# Thread: Friday the 13th is CERTAIN to be unlucky

1. ## Friday the 13th is CERTAIN to be unlucky

The data the JPL had on the asteroid Apophis back on July 3, 2005 led
to the possibility that the asteroid might, in the near encounter on
Friday, April 13, 2029, go through one of several "keyholes".

One keyhole would have changed its orbital period to 5/4 of a year,
leading to it having a close encounter with the earth in 2034.

Another would have changed its period to 6/5 of a year, making the date
of its return one year later, in 2035. Still another would have made
the period 7/6 of a year, so it would return in 2036, and then another
would make it 8/7 of a year, so it would return in 2037.

And then, yet another one would have made the period 17/15 of a year,
for a return in 2046, and another would have made it 19/17 of a year,
for a return in 2048.

Improved data available on June 20, 2006 left only the 2036 return a
strong contender, with the keyhole for a 2037 return just outside the
3-standard-deviation error ellipse.

What's wrong with this picture?

For one thing, they seem to have left out other fractions. What about
9/8 of a year? Or 11/9, 13/11, or 15/13 of a year?

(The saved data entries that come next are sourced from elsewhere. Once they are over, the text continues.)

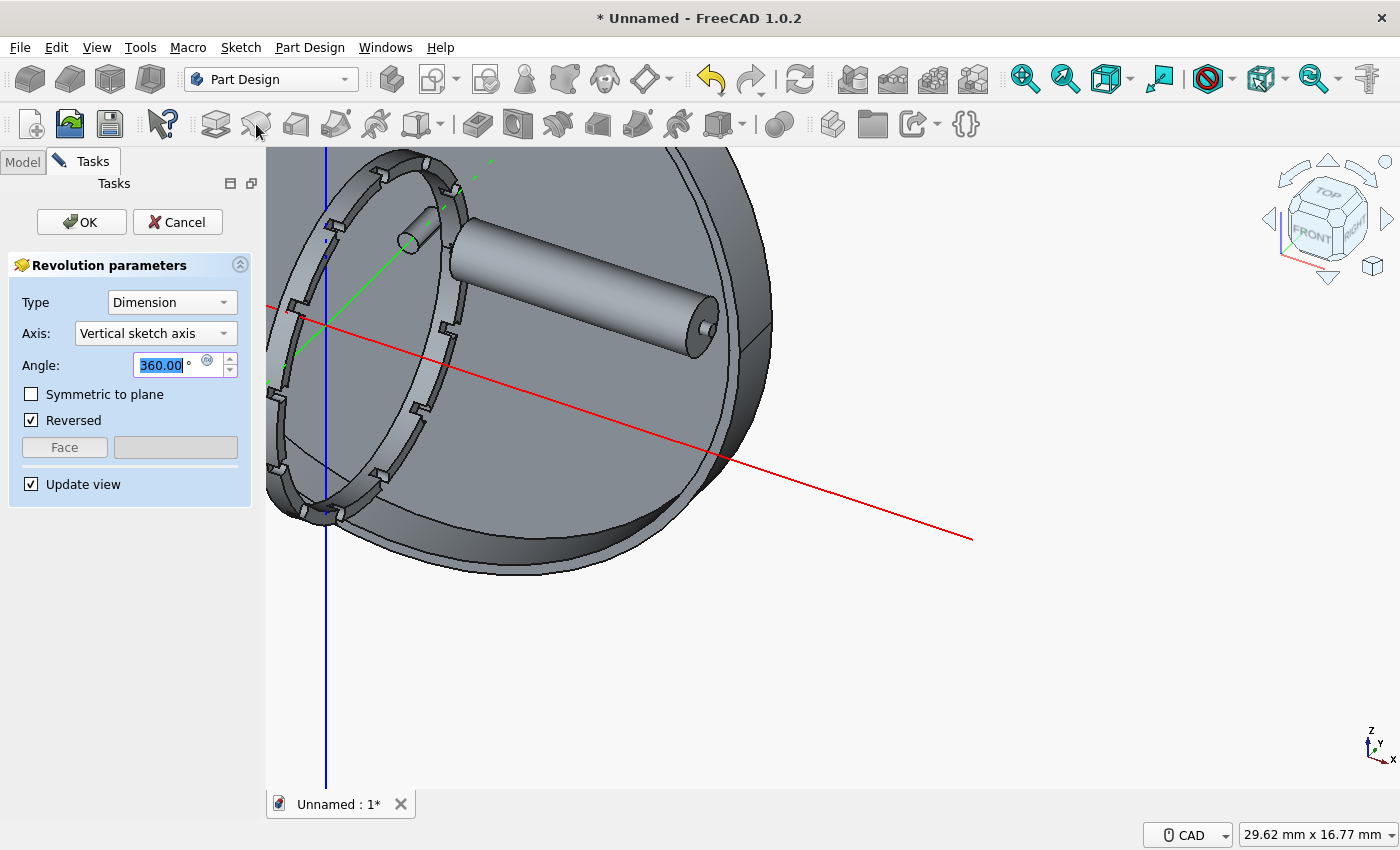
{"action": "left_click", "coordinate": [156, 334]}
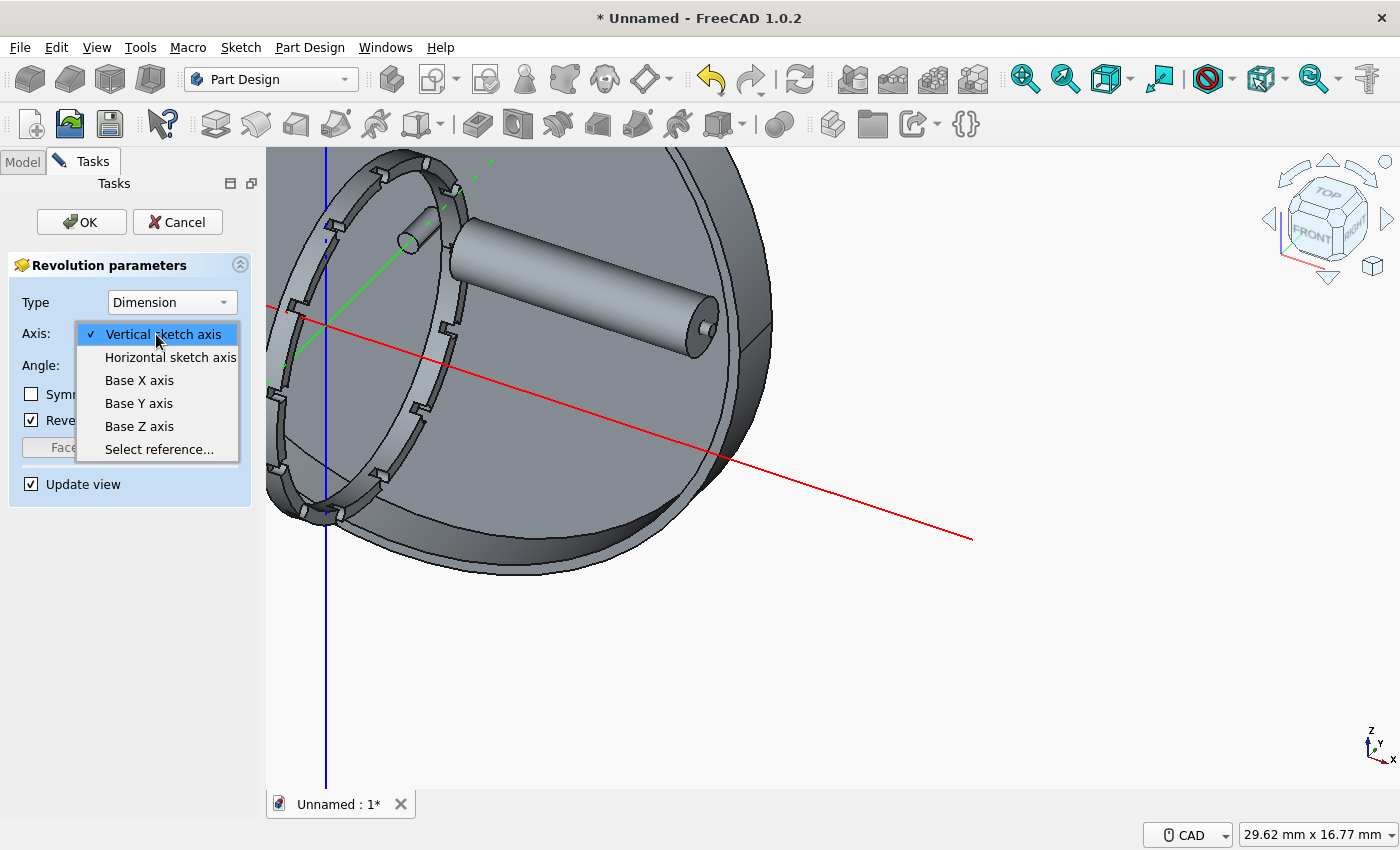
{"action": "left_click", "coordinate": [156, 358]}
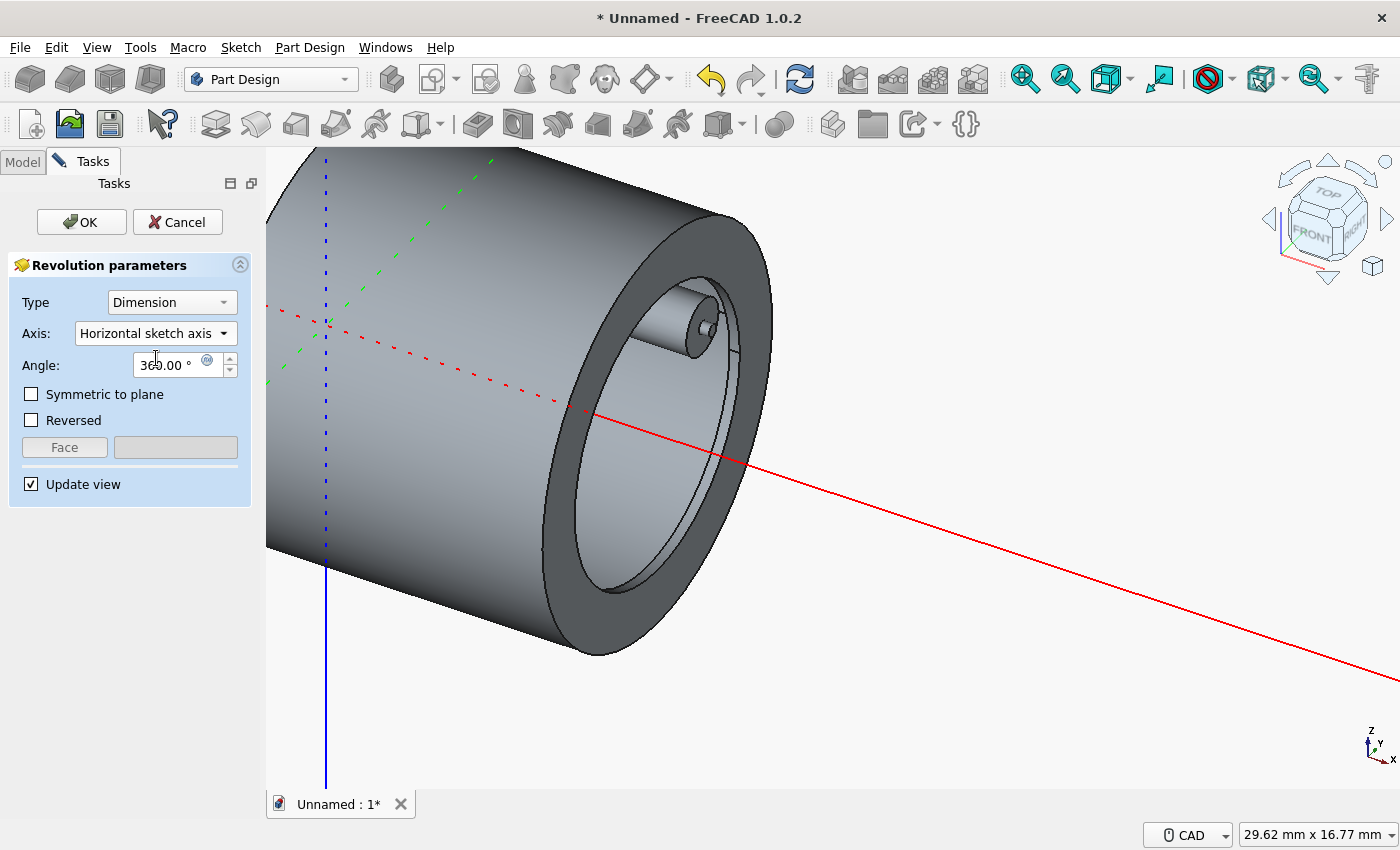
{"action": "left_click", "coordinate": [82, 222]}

Just between 7/6 and 8/7, though, there are other possible resonances,
or, at least, rational numbers, besides 15/13, which could lead to the
asteroid hitting the Earth in 2044.

22/19 and 23/20. 29/25 and 31/27. And on and on.

The size of the "keyhole" for a 2036 impact is only 641 meters, less
than 1/5000 of the length of the error ellipse.

For a given small, but finite value epsilon, what proportion of the
points on the real number line are within epsilon of a rational number?
As any mathematician will tell you, all of them are.

However, that implies there is no upper bound to the denominators on
the fractions involved. That Apophis might be deflected into an orbit
which would cause it to collide with the Earth a few billion years
_after_ the Sun left the main sequence would not be a concern.

If, however, the "window" for, say, the 151/131 resonance, leading to a
collision with the Earth in the year 2180, were also around 600 meters
or so in width, which may not be the case, then, with room for about
5000 keyholes between the 7/6 resonance and the 8/7 resonance, the
denominators don't have to grow to billions or even millions.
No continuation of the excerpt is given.